> **Data for processing**
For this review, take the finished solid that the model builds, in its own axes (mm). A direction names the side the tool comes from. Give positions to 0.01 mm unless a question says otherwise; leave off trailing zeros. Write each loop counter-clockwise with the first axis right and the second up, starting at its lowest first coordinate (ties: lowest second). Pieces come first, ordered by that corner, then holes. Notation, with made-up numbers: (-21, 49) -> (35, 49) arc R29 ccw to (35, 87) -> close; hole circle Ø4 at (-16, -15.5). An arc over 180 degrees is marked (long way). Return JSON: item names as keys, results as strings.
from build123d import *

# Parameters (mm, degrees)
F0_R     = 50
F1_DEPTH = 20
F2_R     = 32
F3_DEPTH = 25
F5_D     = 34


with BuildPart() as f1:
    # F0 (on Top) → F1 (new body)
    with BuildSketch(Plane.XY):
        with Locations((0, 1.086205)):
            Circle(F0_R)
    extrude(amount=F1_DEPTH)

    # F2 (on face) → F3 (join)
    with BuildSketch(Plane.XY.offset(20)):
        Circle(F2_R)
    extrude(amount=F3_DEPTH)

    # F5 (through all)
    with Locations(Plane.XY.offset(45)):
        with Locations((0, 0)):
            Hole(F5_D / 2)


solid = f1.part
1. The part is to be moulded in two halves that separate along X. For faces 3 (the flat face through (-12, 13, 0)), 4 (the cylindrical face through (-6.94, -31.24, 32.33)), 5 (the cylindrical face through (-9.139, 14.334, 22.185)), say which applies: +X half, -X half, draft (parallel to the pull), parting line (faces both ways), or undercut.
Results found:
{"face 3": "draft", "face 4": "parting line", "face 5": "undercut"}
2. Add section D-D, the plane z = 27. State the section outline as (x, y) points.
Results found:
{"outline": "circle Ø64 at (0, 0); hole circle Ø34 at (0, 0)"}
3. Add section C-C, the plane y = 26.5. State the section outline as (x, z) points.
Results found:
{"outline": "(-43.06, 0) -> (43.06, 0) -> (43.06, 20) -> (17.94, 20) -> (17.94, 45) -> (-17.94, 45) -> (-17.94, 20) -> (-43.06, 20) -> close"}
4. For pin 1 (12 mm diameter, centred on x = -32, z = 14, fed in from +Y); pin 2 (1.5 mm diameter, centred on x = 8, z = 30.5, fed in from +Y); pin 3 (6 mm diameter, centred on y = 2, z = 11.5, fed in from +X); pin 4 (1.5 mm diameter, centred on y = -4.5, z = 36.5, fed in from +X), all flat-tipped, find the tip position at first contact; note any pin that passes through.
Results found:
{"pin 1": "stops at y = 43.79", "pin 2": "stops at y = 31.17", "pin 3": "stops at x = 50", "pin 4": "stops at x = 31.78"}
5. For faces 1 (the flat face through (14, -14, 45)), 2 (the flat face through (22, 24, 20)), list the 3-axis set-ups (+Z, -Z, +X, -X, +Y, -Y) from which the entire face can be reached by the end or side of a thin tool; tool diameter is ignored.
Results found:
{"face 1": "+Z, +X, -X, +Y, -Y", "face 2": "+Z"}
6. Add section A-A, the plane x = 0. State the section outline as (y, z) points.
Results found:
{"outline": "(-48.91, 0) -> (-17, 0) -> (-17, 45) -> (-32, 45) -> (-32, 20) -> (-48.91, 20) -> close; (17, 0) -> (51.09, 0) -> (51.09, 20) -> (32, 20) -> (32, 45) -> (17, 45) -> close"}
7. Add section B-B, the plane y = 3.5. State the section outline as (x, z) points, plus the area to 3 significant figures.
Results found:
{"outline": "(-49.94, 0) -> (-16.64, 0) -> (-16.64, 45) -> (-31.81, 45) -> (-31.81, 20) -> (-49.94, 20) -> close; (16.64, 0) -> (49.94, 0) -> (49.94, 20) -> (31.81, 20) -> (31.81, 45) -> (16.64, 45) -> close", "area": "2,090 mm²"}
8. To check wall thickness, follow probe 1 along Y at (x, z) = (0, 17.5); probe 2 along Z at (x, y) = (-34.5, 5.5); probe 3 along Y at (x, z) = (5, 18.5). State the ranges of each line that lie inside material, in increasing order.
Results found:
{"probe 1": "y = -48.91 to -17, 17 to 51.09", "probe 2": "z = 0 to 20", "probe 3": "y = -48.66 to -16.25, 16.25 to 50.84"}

> **What is required**
An exact copy of all the entries is the required answer.

> **Answer below**
For this review, take the finished solid that the model builds, in its own axes (mm). A direction names the side the tool comes from. Give positions to 0.01 mm unless a question says otherwise; leave off trailing zeros. Write each loop counter-clockwise with the first axis right and the second up, starting at its lowest first coordinate (ties: lowest second). Pieces come first, ordered by that corner, then holes. Notation, with made-up numbers: (-21, 49) -> (35, 49) arc R29 ccw to (35, 87) -> close; hole circle Ø4 at (-16, -15.5). An arc over 180 degrees is marked (long way). Return JSON: item names as keys, results as strings.
from build123d import *

# Parameters (mm, degrees)
F0_R     = 50
F1_DEPTH = 20
F2_R     = 32
F3_DEPTH = 25
F5_D     = 34


with BuildPart() as f1:
    # F0 (on Top) → F1 (new body)
    with BuildSketch(Plane.XY):
        with Locations((0, 1.086205)):
            Circle(F0_R)
    extrude(amount=F1_DEPTH)

    # F2 (on face) → F3 (join)
    with BuildSketch(Plane.XY.offset(20)):
        Circle(F2_R)
    extrude(amount=F3_DEPTH)

    # F5 (through all)
    with Locations(Plane.XY.offset(45)):
        with Locations((0, 0)):
            Hole(F5_D / 2)


solid = f1.part
1. The part is to be moulded in two halves that separate along X. For faces 3 (the flat face through (-12, 13, 0)), 4 (the cylindrical face through (-6.94, -31.24, 32.33)), 5 (the cylindrical face through (-9.139, 14.334, 22.185)), say which applies: +X half, -X half, draft (parallel to the pull), parting line (faces both ways), or undercut.
Results found:
{"face 3": "draft", "face 4": "parting line", "face 5": "undercut"}
2. Add section D-D, the plane z = 27. State the section outline as (x, y) points.
Results found:
{"outline": "circle Ø64 at (0, 0); hole circle Ø34 at (0, 0)"}
3. Add section C-C, the plane y = 26.5. State the section outline as (x, z) points.
Results found:
{"outline": "(-43.06, 0) -> (43.06, 0) -> (43.06, 20) -> (17.94, 20) -> (17.94, 45) -> (-17.94, 45) -> (-17.94, 20) -> (-43.06, 20) -> close"}
4. For pin 1 (12 mm diameter, centred on x = -32, z = 14, fed in from +Y); pin 2 (1.5 mm diameter, centred on x = 8, z = 30.5, fed in from +Y); pin 3 (6 mm diameter, centred on y = 2, z = 11.5, fed in from +X); pin 4 (1.5 mm diameter, centred on y = -4.5, z = 36.5, fed in from +X), all flat-tipped, find the tip position at first contact; note any pin that passes through.
Results found:
{"pin 1": "stops at y = 43.79", "pin 2": "stops at y = 31.17", "pin 3": "stops at x = 50", "pin 4": "stops at x = 31.78"}
5. For faces 1 (the flat face through (14, -14, 45)), 2 (the flat face through (22, 24, 20)), list the 3-axis set-ups (+Z, -Z, +X, -X, +Y, -Y) from which the entire face can be reached by the end or side of a thin tool; tool diameter is ignored.
Results found:
{"face 1": "+Z, +X, -X, +Y, -Y", "face 2": "+Z"}
6. Add section A-A, the plane x = 0. State the section outline as (y, z) points.
Results found:
{"outline": "(-48.91, 0) -> (-17, 0) -> (-17, 45) -> (-32, 45) -> (-32, 20) -> (-48.91, 20) -> close; (17, 0) -> (51.09, 0) -> (51.09, 20) -> (32, 20) -> (32, 45) -> (17, 45) -> close"}
7. Add section B-B, the plane y = 3.5. State the section outline as (x, z) points, plus the area to 3 significant figures.
Results found:
{"outline": "(-49.94, 0) -> (-16.64, 0) -> (-16.64, 45) -> (-31.81, 45) -> (-31.81, 20) -> (-49.94, 20) -> close; (16.64, 0) -> (49.94, 0) -> (49.94, 20) -> (31.81, 20) -> (31.81, 45) -> (16.64, 45) -> close", "area": "2,090 mm²"}
8. To check wall thickness, follow probe 1 along Y at (x, z) = (0, 17.5); probe 2 along Z at (x, y) = (-34.5, 5.5); probe 3 along Y at (x, z) = (5, 18.5). State the ranges of each line that lie inside material, in increasing order.
Results found:
{"probe 1": "y = -48.91 to -17, 17 to 51.09", "probe 2": "z = 0 to 20", "probe 3": "y = -48.66 to -16.25, 16.25 to 50.84"}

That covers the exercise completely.